Cévennes : les vins IGP jouent l’ouverture

Publié le 20 juillet 2022

Avec 85 000 hl revendiqués, au 30 juin, la récolte 2021 accusera un retard de quelque 15 000 hl, prévoit le syndicat des Vins IGP Cévennes. © Philippe Douteau

Malgré une faible récolte pour l’ensemble des IGP Sud de France, l’IGP Cévennes reste leader sur le segment de territoire en Occitanie. Entre extension de son aire et retour aux cépages oubliés, l’IGP cévenole ne se repose pas sur ses lauriers.

La tendance est peu ou prou la même pour les IGP régionales, bien que certaines accusent des baisses moins sèches. L’IGP Cévennes est de celles-là. Première Indication géographique de territoire en région, elle se maintient en tête, malgré un retard de volume attendu. À l’image des pertes dans le Gard, l’IGP Cévennes enregistre un recul d’environ 15 %, résistant mieux, comme les autres IGP de territoire, là où l’érosion est plus marquée en sorties de chais chez les IGP de département.

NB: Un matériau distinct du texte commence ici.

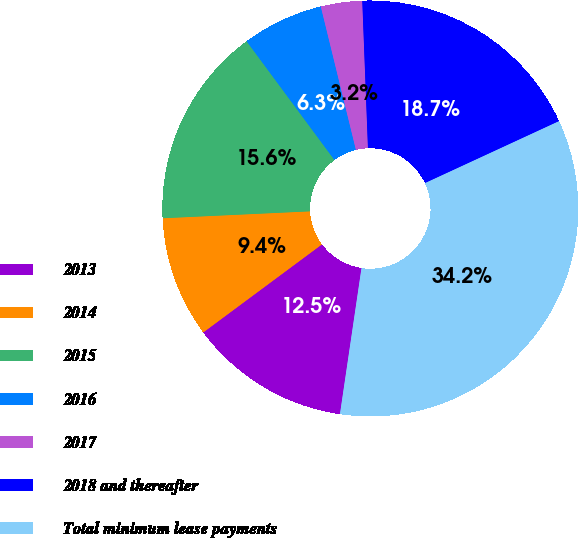Convert chart to OTSL. <chart><loc_0><loc_0><loc_500><loc_500><pie_chart><fcel>2013<fcel>2014<fcel>2015<fcel>2016<fcel>2017<fcel>2018 and thereafter<fcel>Total minimum lease payments<nl><fcel>12.51%<fcel>9.41%<fcel>15.61%<fcel>6.31%<fcel>3.21%<fcel>18.72%<fcel>34.22%<nl></chart>

Flanqués d’un nouveau logo et d’une nouvelle identité visuelle, les IGP Sud de France ont encore des cartes à jouer. L’IGP cévenole poursuit d’ailleurs sa démarche œnotouristique et agroenvironnementale, portée par la labellisation récemment renouvelée pour la destination ‘Vignoble des Cévennes’, par ‘Vignobles et Découvertes’, par le projet d’élargissement de son aire à la Lozère et aux coopérateurs d’Ardèche, ou encore des travaux de recensement de parcelles en vue de relancer des cépages historiques du terroir. Et si la présidence occupée par Christian Vigne depuis 2008 touche à sa fin, la dynamique ne faiblit pas.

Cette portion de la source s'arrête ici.